The common practice of withholding documents and information by opposing parties not only negatively impacts counsel’s ability to adequately prepare and prejudices their case, it also impacts their experts in the case who need the complete documents in the opposing party’s possession to perform their complete and objective analysis of all the facts in the matter, not just the ones the opposing party choose to produce. Following months and in some cases years of frustration, cost and energy to gain access to the information known to exist, it is often provided on the eve of depositions or the trial itself, leaving no time to react to the withheld information. The withheld information could also have an impact on any report that was issued based upon the limited information actually provided, positively and/or negatively changing the conclusions and opinions previously reached.

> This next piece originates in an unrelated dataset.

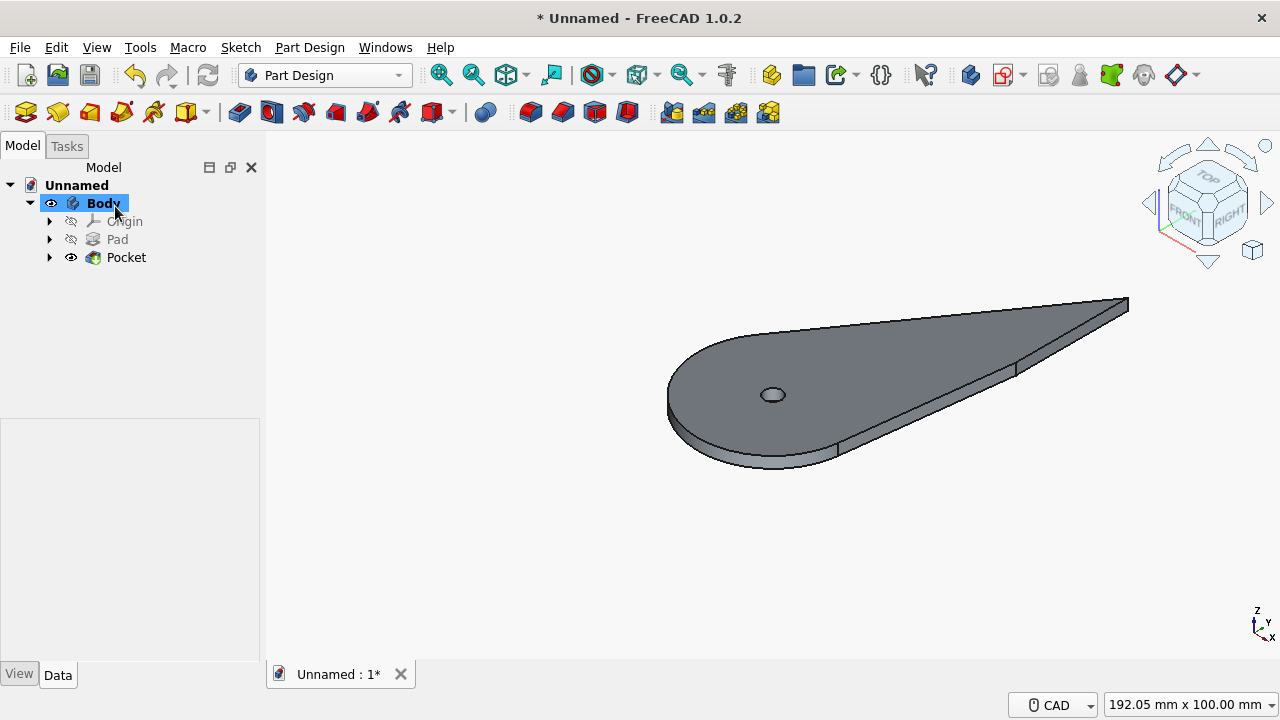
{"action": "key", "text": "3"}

From a non-attorney’s perspective, the questions I have are these – why has this become such a pervasive practice?, and what significant consequences can the courts impose when this is identified to stem this growing practice?

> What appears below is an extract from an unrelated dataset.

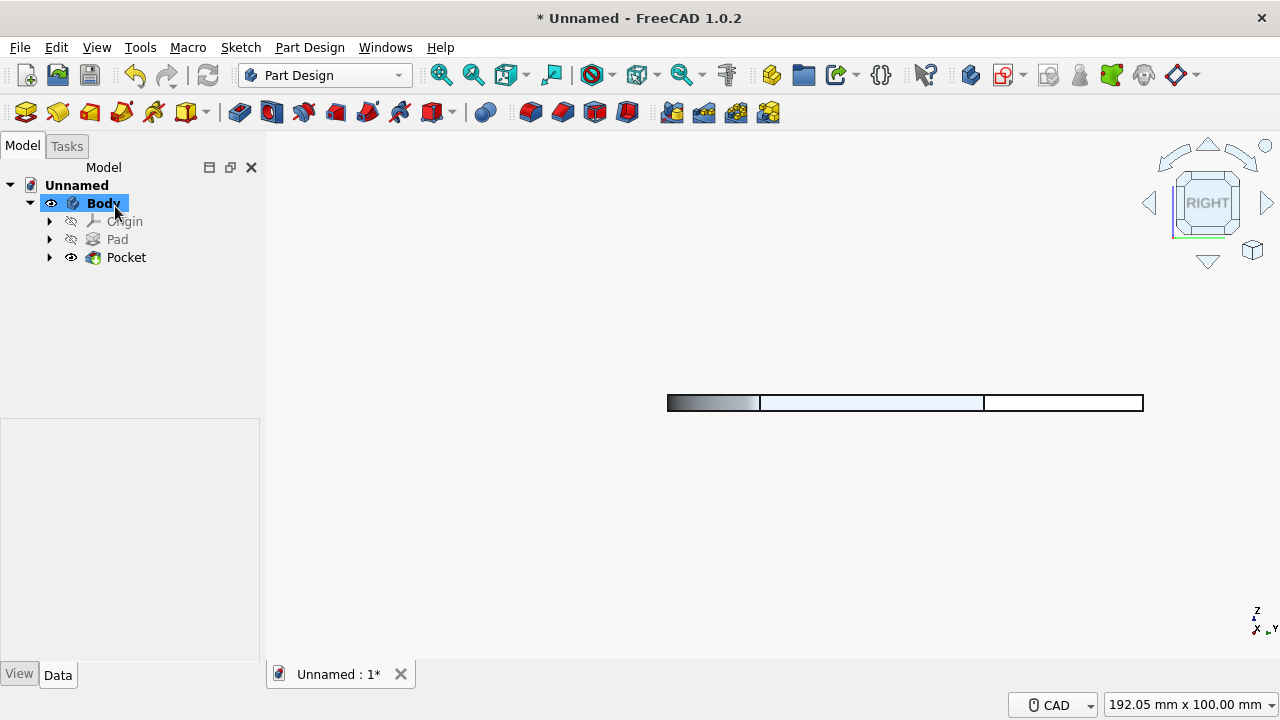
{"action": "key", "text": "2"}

Here’s the excerpted two paragraphs from Mr. Nealson’s article:
“Almost all commercial litigators have frequently encountered an uncooperative opposing party who fails to timely comply with document requests in a complete manner. The requesting party is then forced to spend a significant amount of time, effort and client money analyzing the production to identify “holes,” followed by tedious and expensive letter-writing campaigns seeking to induce voluntary compliance.”
“Once a motion to compel is finally filed as a last resort, the producing party seeks to pull the rug out from under the motion by producing documents on the eve of the court hearing. In the meantime, the requesting party is prejudiced by having to proceed with its case preparation and depositions without the benefit of the withheld documents.”
3 thoughts on “Cudos to James Nealson Who Nailed This Issue Regarding Production”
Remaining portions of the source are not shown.